START RECORDS

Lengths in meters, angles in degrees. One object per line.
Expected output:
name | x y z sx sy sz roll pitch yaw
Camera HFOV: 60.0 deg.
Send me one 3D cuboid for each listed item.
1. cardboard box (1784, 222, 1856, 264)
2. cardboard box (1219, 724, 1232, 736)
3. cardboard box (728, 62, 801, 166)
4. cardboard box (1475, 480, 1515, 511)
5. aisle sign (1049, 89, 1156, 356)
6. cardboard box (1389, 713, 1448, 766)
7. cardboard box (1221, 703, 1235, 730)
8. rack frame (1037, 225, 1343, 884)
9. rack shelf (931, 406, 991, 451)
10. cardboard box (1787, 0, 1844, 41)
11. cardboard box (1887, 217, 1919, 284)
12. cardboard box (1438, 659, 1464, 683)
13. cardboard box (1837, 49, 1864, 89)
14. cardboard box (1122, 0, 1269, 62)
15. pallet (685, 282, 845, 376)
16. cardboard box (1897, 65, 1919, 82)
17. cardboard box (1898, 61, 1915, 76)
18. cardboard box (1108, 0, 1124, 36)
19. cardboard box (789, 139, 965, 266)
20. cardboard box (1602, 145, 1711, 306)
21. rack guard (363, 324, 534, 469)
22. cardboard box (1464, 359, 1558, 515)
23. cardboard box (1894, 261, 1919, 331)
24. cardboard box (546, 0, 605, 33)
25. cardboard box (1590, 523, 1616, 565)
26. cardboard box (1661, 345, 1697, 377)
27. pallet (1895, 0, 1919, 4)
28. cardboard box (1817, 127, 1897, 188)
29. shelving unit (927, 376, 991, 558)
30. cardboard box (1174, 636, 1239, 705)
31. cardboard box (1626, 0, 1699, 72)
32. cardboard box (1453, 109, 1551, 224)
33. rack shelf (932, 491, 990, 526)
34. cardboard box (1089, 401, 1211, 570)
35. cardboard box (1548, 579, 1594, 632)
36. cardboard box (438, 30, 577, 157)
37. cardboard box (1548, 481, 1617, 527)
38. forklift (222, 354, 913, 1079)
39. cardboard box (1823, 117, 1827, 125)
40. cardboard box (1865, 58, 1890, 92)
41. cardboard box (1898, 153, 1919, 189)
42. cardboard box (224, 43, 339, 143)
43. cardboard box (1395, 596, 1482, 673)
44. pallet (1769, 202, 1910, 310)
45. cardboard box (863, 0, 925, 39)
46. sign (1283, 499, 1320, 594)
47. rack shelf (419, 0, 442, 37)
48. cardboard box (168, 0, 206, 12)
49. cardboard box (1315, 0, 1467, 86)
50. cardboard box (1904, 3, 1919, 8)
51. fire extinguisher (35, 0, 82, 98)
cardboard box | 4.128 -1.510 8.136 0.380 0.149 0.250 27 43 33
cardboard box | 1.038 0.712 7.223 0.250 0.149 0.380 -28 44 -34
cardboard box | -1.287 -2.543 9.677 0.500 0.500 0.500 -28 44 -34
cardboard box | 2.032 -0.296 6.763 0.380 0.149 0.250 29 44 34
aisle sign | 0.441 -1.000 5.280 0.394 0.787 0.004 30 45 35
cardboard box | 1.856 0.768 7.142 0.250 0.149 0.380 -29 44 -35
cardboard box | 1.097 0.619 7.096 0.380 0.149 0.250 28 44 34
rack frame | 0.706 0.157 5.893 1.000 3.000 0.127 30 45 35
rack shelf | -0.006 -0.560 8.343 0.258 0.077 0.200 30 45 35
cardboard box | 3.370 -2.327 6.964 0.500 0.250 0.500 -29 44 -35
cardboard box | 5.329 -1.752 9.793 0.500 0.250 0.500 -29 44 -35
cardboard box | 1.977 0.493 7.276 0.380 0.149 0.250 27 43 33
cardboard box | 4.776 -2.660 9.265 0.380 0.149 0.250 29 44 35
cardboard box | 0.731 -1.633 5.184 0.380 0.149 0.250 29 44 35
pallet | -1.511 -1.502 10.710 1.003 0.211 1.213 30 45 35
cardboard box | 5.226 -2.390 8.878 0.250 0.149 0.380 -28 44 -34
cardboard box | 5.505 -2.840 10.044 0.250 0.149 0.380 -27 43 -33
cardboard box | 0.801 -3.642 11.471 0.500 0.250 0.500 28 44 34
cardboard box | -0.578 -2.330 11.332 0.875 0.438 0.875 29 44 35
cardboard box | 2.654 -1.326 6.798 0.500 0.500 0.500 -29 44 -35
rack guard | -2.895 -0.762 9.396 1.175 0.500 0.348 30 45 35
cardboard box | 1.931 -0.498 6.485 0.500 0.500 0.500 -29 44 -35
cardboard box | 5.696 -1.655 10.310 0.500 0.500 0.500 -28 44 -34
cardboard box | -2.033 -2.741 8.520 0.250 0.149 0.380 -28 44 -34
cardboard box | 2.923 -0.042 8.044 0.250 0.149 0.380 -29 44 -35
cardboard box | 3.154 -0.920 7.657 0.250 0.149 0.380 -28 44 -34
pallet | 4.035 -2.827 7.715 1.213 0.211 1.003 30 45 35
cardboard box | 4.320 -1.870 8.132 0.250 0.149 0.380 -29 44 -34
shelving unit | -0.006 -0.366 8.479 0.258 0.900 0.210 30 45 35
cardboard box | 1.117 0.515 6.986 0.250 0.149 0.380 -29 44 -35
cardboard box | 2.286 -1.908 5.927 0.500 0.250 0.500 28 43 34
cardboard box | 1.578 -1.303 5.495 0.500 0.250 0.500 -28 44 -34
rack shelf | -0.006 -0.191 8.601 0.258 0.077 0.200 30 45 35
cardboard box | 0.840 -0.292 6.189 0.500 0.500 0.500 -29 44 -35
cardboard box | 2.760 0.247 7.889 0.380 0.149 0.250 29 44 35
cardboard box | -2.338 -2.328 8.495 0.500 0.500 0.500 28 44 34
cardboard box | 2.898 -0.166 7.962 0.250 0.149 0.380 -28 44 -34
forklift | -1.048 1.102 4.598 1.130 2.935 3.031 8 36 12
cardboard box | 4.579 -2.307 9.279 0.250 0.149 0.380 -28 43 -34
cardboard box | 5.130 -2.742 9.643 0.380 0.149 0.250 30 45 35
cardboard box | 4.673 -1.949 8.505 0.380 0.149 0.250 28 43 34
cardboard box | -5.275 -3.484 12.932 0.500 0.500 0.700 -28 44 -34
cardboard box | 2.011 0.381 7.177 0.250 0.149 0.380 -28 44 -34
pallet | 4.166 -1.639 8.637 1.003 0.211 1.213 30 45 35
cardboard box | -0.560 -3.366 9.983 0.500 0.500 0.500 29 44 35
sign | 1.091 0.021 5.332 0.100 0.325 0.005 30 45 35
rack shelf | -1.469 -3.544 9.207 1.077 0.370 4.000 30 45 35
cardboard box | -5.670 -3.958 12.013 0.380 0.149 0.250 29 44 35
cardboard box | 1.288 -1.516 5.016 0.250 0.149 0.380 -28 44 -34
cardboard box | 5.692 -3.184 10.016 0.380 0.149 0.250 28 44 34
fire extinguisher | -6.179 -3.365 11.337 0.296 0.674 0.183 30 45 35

END RECORDS

■ WHAT YOU NEED TO DO:
The answer must reproduce all of the entries exactly.

■ RESPONSE AREA:
Lengths in meters, angles in degrees. One object per line.
Expected output:
name | x y z sx sy sz roll pitch yaw
Camera HFOV: 60.0 deg.
Send me one 3D cuboid for each listed item.
1. cardboard box (1784, 222, 1856, 264)
2. cardboard box (1219, 724, 1232, 736)
3. cardboard box (728, 62, 801, 166)
4. cardboard box (1475, 480, 1515, 511)
5. aisle sign (1049, 89, 1156, 356)
6. cardboard box (1389, 713, 1448, 766)
7. cardboard box (1221, 703, 1235, 730)
8. rack frame (1037, 225, 1343, 884)
9. rack shelf (931, 406, 991, 451)
10. cardboard box (1787, 0, 1844, 41)
11. cardboard box (1887, 217, 1919, 284)
12. cardboard box (1438, 659, 1464, 683)
13. cardboard box (1837, 49, 1864, 89)
14. cardboard box (1122, 0, 1269, 62)
15. pallet (685, 282, 845, 376)
16. cardboard box (1897, 65, 1919, 82)
17. cardboard box (1898, 61, 1915, 76)
18. cardboard box (1108, 0, 1124, 36)
19. cardboard box (789, 139, 965, 266)
20. cardboard box (1602, 145, 1711, 306)
21. rack guard (363, 324, 534, 469)
22. cardboard box (1464, 359, 1558, 515)
23. cardboard box (1894, 261, 1919, 331)
24. cardboard box (546, 0, 605, 33)
25. cardboard box (1590, 523, 1616, 565)
26. cardboard box (1661, 345, 1697, 377)
27. pallet (1895, 0, 1919, 4)
28. cardboard box (1817, 127, 1897, 188)
29. shelving unit (927, 376, 991, 558)
30. cardboard box (1174, 636, 1239, 705)
31. cardboard box (1626, 0, 1699, 72)
32. cardboard box (1453, 109, 1551, 224)
33. rack shelf (932, 491, 990, 526)
34. cardboard box (1089, 401, 1211, 570)
35. cardboard box (1548, 579, 1594, 632)
36. cardboard box (438, 30, 577, 157)
37. cardboard box (1548, 481, 1617, 527)
38. forklift (222, 354, 913, 1079)
39. cardboard box (1823, 117, 1827, 125)
40. cardboard box (1865, 58, 1890, 92)
41. cardboard box (1898, 153, 1919, 189)
42. cardboard box (224, 43, 339, 143)
43. cardboard box (1395, 596, 1482, 673)
44. pallet (1769, 202, 1910, 310)
45. cardboard box (863, 0, 925, 39)
46. sign (1283, 499, 1320, 594)
47. rack shelf (419, 0, 442, 37)
48. cardboard box (168, 0, 206, 12)
49. cardboard box (1315, 0, 1467, 86)
50. cardboard box (1904, 3, 1919, 8)
51. fire extinguisher (35, 0, 82, 98)
cardboard box | 4.128 -1.510 8.136 0.380 0.149 0.250 27 43 33
cardboard box | 1.038 0.712 7.223 0.250 0.149 0.380 -28 44 -34
cardboard box | -1.287 -2.543 9.677 0.500 0.500 0.500 -28 44 -34
cardboard box | 2.032 -0.296 6.763 0.380 0.149 0.250 29 44 34
aisle sign | 0.441 -1.000 5.280 0.394 0.787 0.004 30 45 35
cardboard box | 1.856 0.768 7.142 0.250 0.149 0.380 -29 44 -35
cardboard box | 1.097 0.619 7.096 0.380 0.149 0.250 28 44 34
rack frame | 0.706 0.157 5.893 1.000 3.000 0.127 30 45 35
rack shelf | -0.006 -0.560 8.343 0.258 0.077 0.200 30 45 35
cardboard box | 3.370 -2.327 6.964 0.500 0.250 0.500 -29 44 -35
cardboard box | 5.329 -1.752 9.793 0.500 0.250 0.500 -29 44 -35
cardboard box | 1.977 0.493 7.276 0.380 0.149 0.250 27 43 33
cardboard box | 4.776 -2.660 9.265 0.380 0.149 0.250 29 44 35
cardboard box | 0.731 -1.633 5.184 0.380 0.149 0.250 29 44 35
pallet | -1.511 -1.502 10.710 1.003 0.211 1.213 30 45 35
cardboard box | 5.226 -2.390 8.878 0.250 0.149 0.380 -28 44 -34
cardboard box | 5.505 -2.840 10.044 0.250 0.149 0.380 -27 43 -33
cardboard box | 0.801 -3.642 11.471 0.500 0.250 0.500 28 44 34
cardboard box | -0.578 -2.330 11.332 0.875 0.438 0.875 29 44 35
cardboard box | 2.654 -1.326 6.798 0.500 0.500 0.500 -29 44 -35
rack guard | -2.895 -0.762 9.396 1.175 0.500 0.348 30 45 35
cardboard box | 1.931 -0.498 6.485 0.500 0.500 0.500 -29 44 -35
cardboard box | 5.696 -1.655 10.310 0.500 0.500 0.500 -28 44 -34
cardboard box | -2.033 -2.741 8.520 0.250 0.149 0.380 -28 44 -34
cardboard box | 2.923 -0.042 8.044 0.250 0.149 0.380 -29 44 -35
cardboard box | 3.154 -0.920 7.657 0.250 0.149 0.380 -28 44 -34
pallet | 4.035 -2.827 7.715 1.213 0.211 1.003 30 45 35
cardboard box | 4.320 -1.870 8.132 0.250 0.149 0.380 -29 44 -34
shelving unit | -0.006 -0.366 8.479 0.258 0.900 0.210 30 45 35
cardboard box | 1.117 0.515 6.986 0.250 0.149 0.380 -29 44 -35
cardboard box | 2.286 -1.908 5.927 0.500 0.250 0.500 28 43 34
cardboard box | 1.578 -1.303 5.495 0.500 0.250 0.500 -28 44 -34
rack shelf | -0.006 -0.191 8.601 0.258 0.077 0.200 30 45 35
cardboard box | 0.840 -0.292 6.189 0.500 0.500 0.500 -29 44 -35
cardboard box | 2.760 0.247 7.889 0.380 0.149 0.250 29 44 35
cardboard box | -2.338 -2.328 8.495 0.500 0.500 0.500 28 44 34
cardboard box | 2.898 -0.166 7.962 0.250 0.149 0.380 -28 44 -34
forklift | -1.048 1.102 4.598 1.130 2.935 3.031 8 36 12
cardboard box | 4.579 -2.307 9.279 0.250 0.149 0.380 -28 43 -34
cardboard box | 5.130 -2.742 9.643 0.380 0.149 0.250 30 45 35
cardboard box | 4.673 -1.949 8.505 0.380 0.149 0.250 28 43 34
cardboard box | -5.275 -3.484 12.932 0.500 0.500 0.700 -28 44 -34
cardboard box | 2.011 0.381 7.177 0.250 0.149 0.380 -28 44 -34
pallet | 4.166 -1.639 8.637 1.003 0.211 1.213 30 45 35
cardboard box | -0.560 -3.366 9.983 0.500 0.500 0.500 29 44 35
sign | 1.091 0.021 5.332 0.100 0.325 0.005 30 45 35
rack shelf | -1.469 -3.544 9.207 1.077 0.370 4.000 30 45 35
cardboard box | -5.670 -3.958 12.013 0.380 0.149 0.250 29 44 35
cardboard box | 1.288 -1.516 5.016 0.250 0.149 0.380 -28 44 -34
cardboard box | 5.692 -3.184 10.016 0.380 0.149 0.250 28 44 34
fire extinguisher | -6.179 -3.365 11.337 0.296 0.674 0.183 30 45 35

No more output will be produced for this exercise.